A crise interna no Supremo Tribunal Federal (STF) ganhou um novo capítulo com a divulgação de mensagens trocadas entre os ministros Gilmar Mendes e Kassio Nunes Marques. O diálogo, ocorrido pelo WhatsApp, revela cobranças em tom duro feitas pelo decano da Corte e terminou com Nunes Marques bloqueando o colega no aplicativo.
A discussão ocorreu em 8 de setembro, em meio às divergências envolvendo o afastamento de Andrei Rodrigues da direção-geral da Polícia Federal e às repercussões do caso Banco Master. Gilmar questionou a atuação de Nunes Marques e Luiz Fux e cobrou que os dois se afastassem de processos relacionados ao episódio.
Cobrança para “abrir as contas”
Nas mensagens divulgadas, Gilmar Mendes afirmou que Nunes Marques e Fux deveriam “abrir as contas” e deixar os processos.

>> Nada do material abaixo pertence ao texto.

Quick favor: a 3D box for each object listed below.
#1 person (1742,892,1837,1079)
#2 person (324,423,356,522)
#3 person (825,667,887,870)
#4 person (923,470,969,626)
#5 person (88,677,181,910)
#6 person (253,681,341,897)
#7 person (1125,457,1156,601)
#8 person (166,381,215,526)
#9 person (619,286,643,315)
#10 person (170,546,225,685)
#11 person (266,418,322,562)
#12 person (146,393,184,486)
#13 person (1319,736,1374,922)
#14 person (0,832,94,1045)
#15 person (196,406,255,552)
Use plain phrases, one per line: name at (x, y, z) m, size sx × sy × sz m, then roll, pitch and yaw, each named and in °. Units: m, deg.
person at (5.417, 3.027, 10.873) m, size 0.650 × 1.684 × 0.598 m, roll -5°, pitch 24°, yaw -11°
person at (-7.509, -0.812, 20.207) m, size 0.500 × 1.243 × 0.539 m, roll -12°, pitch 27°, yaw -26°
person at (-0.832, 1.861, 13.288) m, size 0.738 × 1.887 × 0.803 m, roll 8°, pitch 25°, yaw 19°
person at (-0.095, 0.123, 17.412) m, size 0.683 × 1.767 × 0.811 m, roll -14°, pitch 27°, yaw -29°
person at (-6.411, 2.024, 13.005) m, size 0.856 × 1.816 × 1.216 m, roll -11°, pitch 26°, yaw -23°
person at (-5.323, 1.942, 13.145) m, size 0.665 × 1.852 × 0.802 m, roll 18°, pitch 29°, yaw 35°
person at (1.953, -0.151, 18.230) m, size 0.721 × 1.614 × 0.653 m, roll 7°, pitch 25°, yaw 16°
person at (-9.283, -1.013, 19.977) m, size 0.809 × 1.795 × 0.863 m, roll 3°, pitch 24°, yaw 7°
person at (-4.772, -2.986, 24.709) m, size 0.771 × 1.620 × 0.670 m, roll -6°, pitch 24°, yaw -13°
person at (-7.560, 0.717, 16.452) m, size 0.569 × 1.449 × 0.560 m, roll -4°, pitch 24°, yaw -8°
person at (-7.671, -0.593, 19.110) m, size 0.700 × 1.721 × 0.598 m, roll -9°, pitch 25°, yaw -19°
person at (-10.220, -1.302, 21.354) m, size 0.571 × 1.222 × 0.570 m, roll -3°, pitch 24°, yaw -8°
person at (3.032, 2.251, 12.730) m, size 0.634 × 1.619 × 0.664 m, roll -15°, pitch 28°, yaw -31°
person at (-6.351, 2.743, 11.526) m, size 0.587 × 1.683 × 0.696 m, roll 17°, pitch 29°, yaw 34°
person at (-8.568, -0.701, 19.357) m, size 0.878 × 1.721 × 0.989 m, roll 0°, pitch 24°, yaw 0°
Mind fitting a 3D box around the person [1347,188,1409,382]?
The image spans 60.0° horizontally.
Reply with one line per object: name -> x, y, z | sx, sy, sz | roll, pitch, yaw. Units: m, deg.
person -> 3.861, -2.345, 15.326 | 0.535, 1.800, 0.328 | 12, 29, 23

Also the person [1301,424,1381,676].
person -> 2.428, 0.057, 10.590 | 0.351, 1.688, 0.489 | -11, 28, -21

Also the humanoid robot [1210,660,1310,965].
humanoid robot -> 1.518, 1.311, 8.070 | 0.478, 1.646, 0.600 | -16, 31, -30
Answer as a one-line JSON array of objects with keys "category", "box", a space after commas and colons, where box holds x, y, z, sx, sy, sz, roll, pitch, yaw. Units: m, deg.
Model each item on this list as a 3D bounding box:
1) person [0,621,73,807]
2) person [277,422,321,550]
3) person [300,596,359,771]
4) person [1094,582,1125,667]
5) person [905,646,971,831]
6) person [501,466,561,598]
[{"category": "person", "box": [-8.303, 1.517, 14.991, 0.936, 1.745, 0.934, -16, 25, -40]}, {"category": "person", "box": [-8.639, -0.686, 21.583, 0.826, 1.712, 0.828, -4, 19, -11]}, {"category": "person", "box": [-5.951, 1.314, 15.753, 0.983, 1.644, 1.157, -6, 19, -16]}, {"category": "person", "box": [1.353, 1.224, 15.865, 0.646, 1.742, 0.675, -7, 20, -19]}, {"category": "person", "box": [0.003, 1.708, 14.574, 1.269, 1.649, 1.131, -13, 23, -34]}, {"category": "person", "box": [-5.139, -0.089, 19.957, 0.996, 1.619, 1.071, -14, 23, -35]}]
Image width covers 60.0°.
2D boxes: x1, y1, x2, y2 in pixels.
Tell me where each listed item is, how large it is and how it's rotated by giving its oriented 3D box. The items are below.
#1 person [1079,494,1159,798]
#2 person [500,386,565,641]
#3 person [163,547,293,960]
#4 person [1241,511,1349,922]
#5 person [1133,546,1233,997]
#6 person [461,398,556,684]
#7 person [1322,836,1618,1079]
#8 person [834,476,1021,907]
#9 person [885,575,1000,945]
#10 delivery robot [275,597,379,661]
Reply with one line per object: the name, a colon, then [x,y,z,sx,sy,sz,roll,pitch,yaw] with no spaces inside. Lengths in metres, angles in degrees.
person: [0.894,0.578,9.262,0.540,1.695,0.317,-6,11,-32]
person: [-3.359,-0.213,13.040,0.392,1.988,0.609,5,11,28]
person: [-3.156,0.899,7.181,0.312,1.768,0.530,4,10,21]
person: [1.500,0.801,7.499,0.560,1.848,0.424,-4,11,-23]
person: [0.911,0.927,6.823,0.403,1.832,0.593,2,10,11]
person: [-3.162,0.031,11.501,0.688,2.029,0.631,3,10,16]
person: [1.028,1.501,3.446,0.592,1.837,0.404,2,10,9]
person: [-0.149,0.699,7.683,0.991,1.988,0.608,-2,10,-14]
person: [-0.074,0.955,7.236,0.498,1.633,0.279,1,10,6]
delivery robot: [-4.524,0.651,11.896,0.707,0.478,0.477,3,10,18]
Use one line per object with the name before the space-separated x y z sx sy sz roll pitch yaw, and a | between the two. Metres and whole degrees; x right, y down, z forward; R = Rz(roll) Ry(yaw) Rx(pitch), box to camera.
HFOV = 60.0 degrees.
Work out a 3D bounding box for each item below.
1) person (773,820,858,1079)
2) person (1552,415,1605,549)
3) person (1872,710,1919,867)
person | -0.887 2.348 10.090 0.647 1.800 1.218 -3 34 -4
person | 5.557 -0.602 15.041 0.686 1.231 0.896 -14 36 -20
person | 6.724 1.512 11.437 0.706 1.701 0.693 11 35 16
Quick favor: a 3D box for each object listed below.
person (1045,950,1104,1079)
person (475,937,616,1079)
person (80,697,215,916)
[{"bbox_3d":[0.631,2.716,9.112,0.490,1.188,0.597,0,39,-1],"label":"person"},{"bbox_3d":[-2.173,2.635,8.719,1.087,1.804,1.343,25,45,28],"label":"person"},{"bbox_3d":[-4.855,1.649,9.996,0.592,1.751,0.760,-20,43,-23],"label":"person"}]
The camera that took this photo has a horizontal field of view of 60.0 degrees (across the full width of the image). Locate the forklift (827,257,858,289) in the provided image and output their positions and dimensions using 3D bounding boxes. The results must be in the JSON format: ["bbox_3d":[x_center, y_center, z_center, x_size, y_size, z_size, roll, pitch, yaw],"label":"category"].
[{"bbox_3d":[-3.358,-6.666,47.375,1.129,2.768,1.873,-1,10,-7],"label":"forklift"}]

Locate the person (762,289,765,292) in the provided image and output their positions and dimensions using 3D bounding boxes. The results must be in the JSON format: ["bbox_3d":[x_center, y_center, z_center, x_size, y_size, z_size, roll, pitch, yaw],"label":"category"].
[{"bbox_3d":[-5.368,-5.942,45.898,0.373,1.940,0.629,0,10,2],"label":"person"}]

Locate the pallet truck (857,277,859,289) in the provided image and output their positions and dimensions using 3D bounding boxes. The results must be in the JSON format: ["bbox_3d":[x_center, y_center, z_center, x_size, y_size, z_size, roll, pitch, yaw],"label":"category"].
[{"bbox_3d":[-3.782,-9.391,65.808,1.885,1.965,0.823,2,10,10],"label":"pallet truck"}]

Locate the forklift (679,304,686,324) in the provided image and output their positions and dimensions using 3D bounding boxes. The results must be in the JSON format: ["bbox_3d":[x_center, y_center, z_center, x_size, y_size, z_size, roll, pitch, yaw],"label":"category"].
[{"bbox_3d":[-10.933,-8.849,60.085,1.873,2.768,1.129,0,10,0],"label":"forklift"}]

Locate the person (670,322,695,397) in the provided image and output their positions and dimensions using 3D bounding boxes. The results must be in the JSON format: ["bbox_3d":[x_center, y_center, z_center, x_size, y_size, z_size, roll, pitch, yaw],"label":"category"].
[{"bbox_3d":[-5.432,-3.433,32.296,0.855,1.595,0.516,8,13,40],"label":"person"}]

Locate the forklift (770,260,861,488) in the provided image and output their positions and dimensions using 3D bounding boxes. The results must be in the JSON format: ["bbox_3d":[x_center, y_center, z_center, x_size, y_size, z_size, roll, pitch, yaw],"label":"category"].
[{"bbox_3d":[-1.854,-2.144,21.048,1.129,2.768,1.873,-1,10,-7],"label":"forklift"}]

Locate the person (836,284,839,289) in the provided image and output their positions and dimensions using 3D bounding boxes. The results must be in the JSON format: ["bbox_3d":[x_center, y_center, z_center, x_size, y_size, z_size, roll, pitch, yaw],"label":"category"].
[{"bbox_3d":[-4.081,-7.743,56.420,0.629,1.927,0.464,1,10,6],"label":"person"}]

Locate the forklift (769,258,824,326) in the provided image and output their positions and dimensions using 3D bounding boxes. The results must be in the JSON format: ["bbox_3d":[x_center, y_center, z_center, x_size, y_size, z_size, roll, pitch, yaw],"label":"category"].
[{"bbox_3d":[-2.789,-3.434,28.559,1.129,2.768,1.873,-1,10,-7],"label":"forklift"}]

Também disse que Nunes Marques deveria sair do Tribunal Superior Eleitoral (TSE), Corte atualmente presidida pelo ministro.
Nunes Marques reagiu à abordagem e pediu respeito ao colega, afirmando que aquele comportamento não seria adequado. Em outro momento, disse que não continuaria conversando com quem não o respeitasse.
Gilmar voltou a cobrar transparência sobre as contas do ministro antes de sua participação em julgamentos relacionados ao caso Master. Nunes Marques respondeu que poderia apresentá-las e afirmou prestar contas de suas atividades havia 15 anos como juiz.
“Eu entendo de malandro”
A conversa ficou ainda mais áspera no encerramento. Gilmar Mendes escreveu: “Eu entendo de Malandro”. Nunes Marques respondeu: “Claro que você entende.” Na sequência, Gilmar mencionou “tramoias”. Depois da discussão, Nunes Marques bloqueou o contato do decano no WhatsApp.
O teor das mensagens pode ser interpretado como uma forte pressão de Gilmar sobre o colega, mas a caracterização como “intimidação” é uma avaliação sobre o episódio. O fato documentado é que houve cobranças diretas para que Nunes Marques abrisse suas contas, deixasse determinados processos e saísse do TSE.
Crise no Supremo
O episódio ocorre em meio a uma sequência de divergências públicas entre integrantes do STF relacionadas às investigações e aos desdobramentos do caso Banco Master. Nunes Marques também passou a figurar no debate após diálogos extraídos do celular de Daniel Vorcaro mencionarem seu filho, Kevin Marques. A assessoria do advogado afirma que ele prestou serviços jurídicos a uma empresa e nega vínculo com Vorcaro ou com o Banco Master.
As mensagens entre os próprios ministros acrescentaram um novo elemento à crise institucional ao revelar que divergências jurídicas passaram também para conversas privadas em tom abertamente confrontador.